Records for this task:
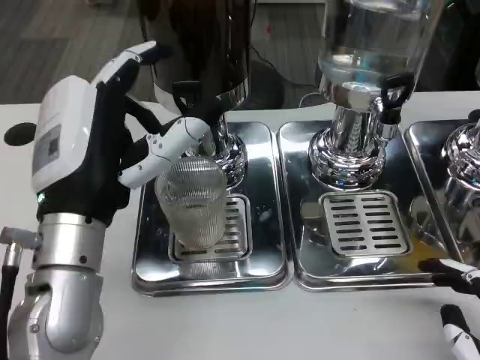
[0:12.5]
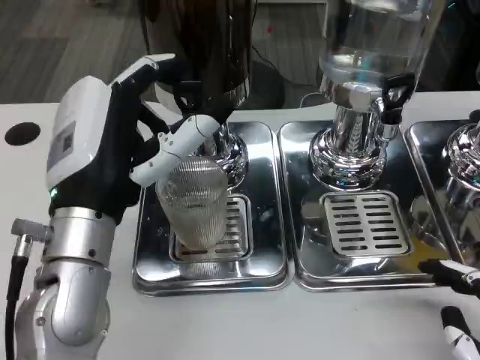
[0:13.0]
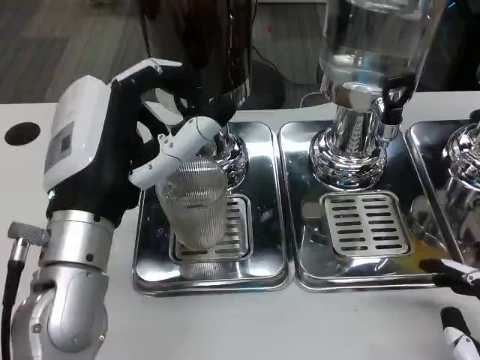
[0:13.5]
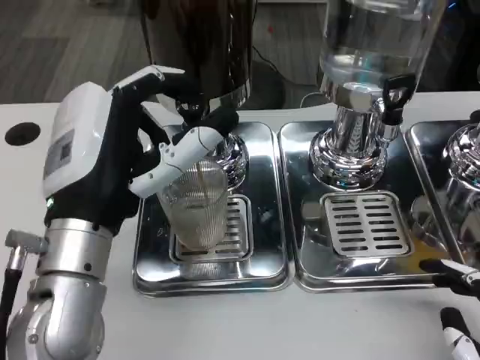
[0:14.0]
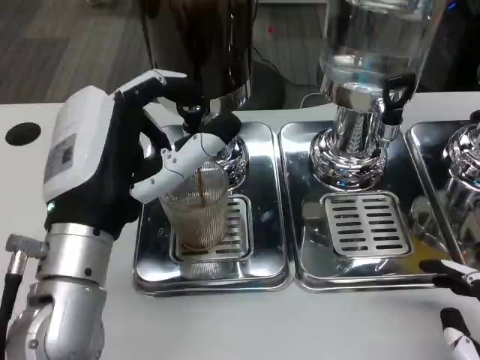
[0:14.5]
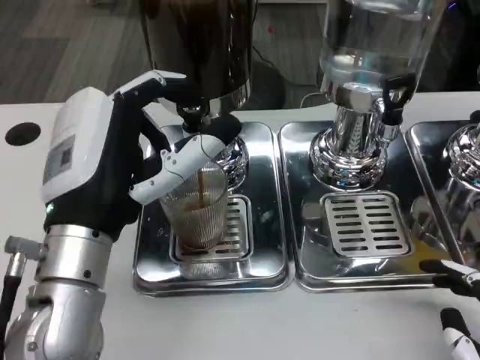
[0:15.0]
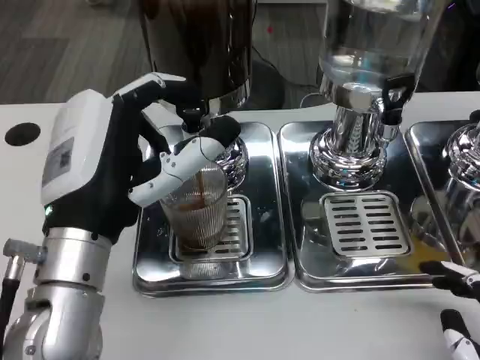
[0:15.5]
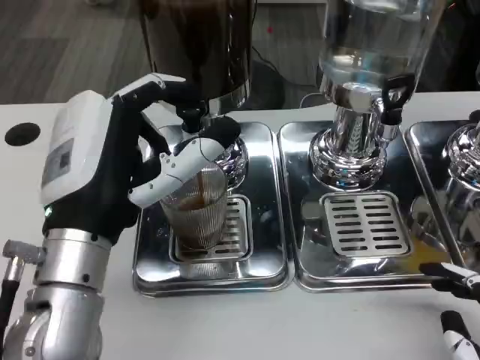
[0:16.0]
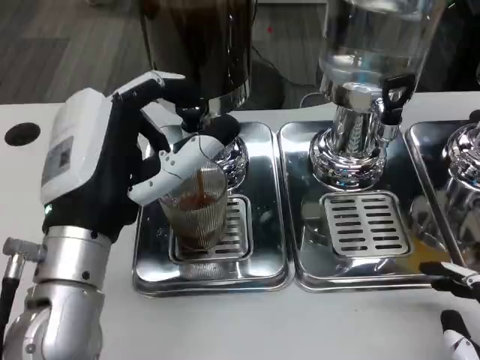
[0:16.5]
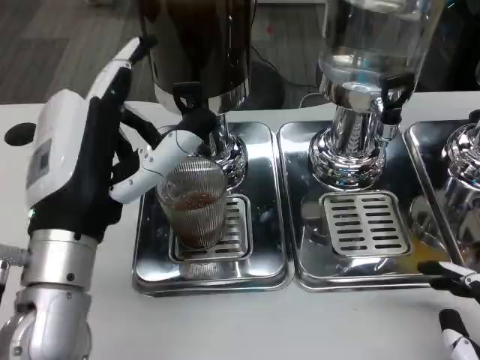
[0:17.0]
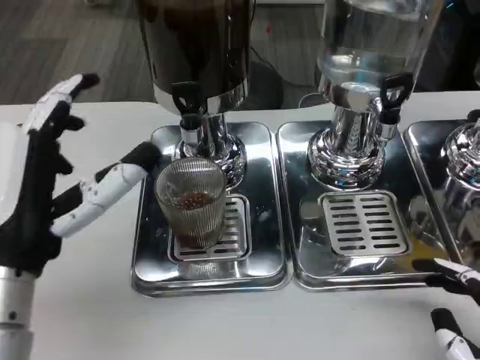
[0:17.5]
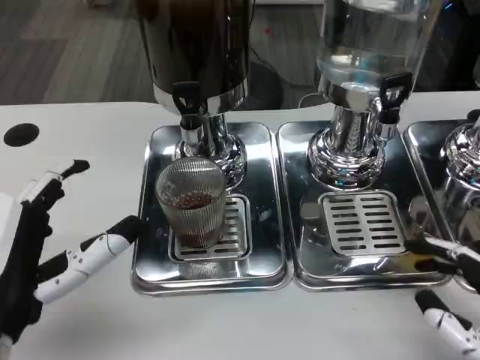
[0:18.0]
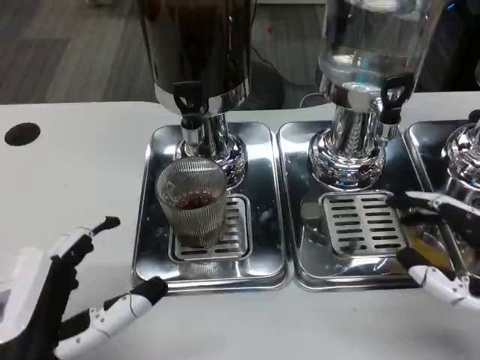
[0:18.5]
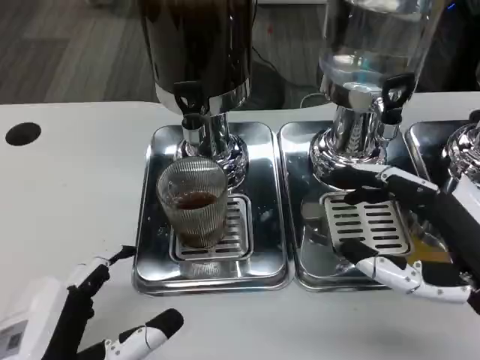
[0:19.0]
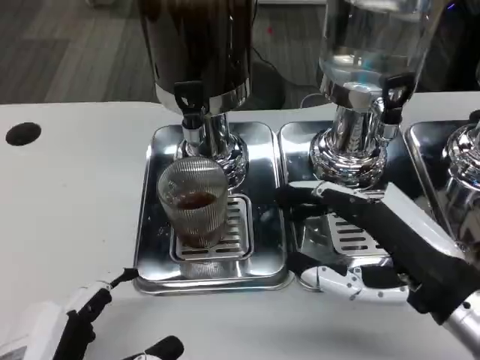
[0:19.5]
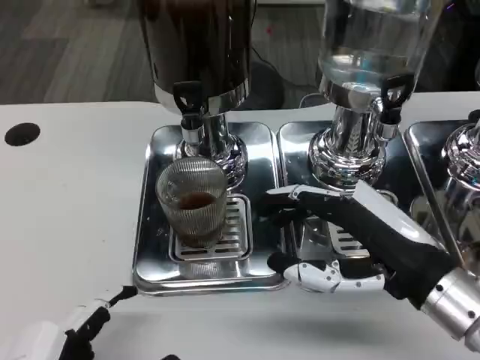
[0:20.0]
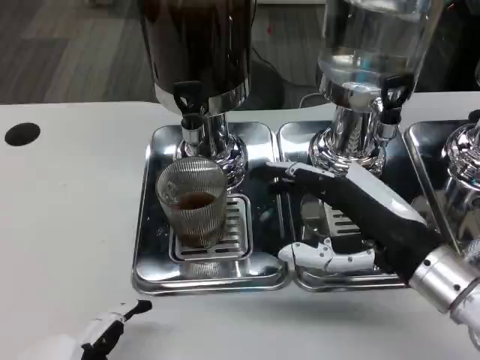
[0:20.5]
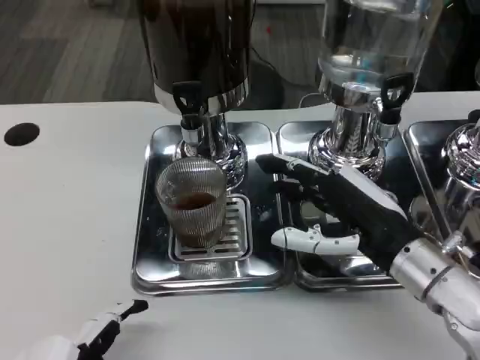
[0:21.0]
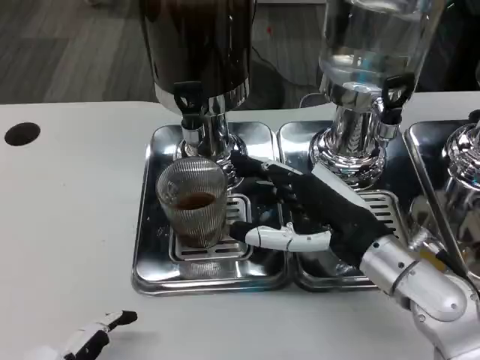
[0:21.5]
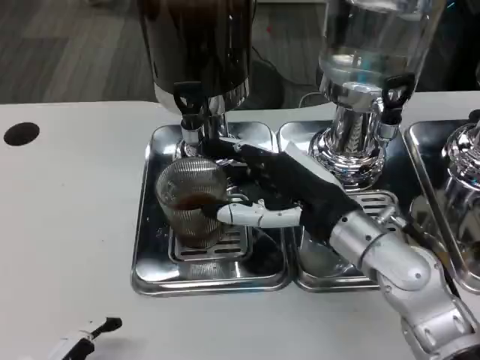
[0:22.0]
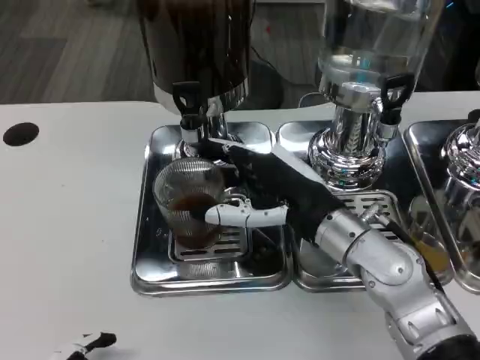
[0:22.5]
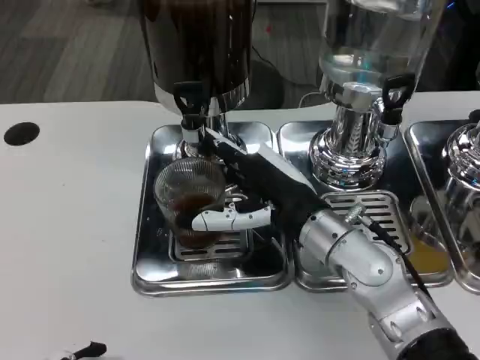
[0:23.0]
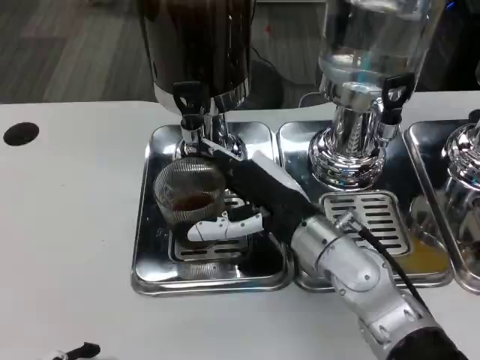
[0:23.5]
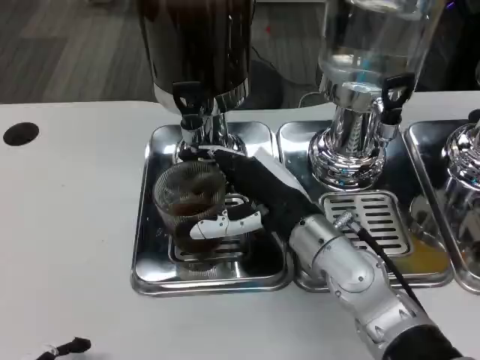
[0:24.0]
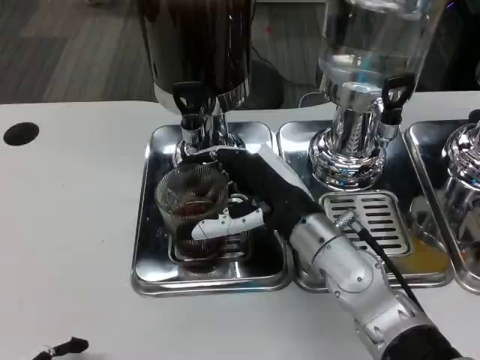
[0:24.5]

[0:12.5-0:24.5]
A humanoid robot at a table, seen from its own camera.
Task of the whole recording: Grasp the cup under the faucet to collect the drink, then remove the cup.
0:14.5 to 0:16.5: Both hands stay put.
0:16.5 to 0:18.5: The right hand moves forward, some 10 cm, while the left hand is displaced backward and to the left by approximately 10 cm.
0:18.5 to 0:20.5: The left hand shifts some 5 cm backward; the right hand moves to the left and forward, roughly 10 cm.
0:20.5 to 0:22.5: The right hand heads to the left and forward, covering about 10 cm.
0:22.5 to 0:24.5: The hands make only small movements.

Work request:
Could you give the listing above again word for word, without any pictures?

Task response:
[0:12.5]
[0:13.0]
[0:13.5]
[0:14.0]
[0:14.5]
[0:15.0]
[0:15.5]
[0:16.0]
[0:16.5]
[0:17.0]
[0:17.5]
[0:18.0]
[0:18.5]
[0:19.0]
[0:19.5]
[0:20.0]
[0:20.5]
[0:21.0]
[0:21.5]
[0:22.0]
[0:22.5]
[0:23.0]
[0:23.5]
[0:24.0]
[0:24.5]

[0:12.5-0:24.5]
A humanoid robot at a table, seen from its own camera.
Task of the whole recording: Grasp the cup under the faucet to collect the drink, then remove the cup.
0:14.5 to 0:16.5: Both hands stay put.
0:16.5 to 0:18.5: The right hand moves forward, some 10 cm, while the left hand is displaced backward and to the left by approximately 10 cm.
0:18.5 to 0:20.5: The left hand shifts some 5 cm backward; the right hand moves to the left and forward, roughly 10 cm.
0:20.5 to 0:22.5: The right hand heads to the left and forward, covering about 10 cm.
0:22.5 to 0:24.5: The hands make only small movements.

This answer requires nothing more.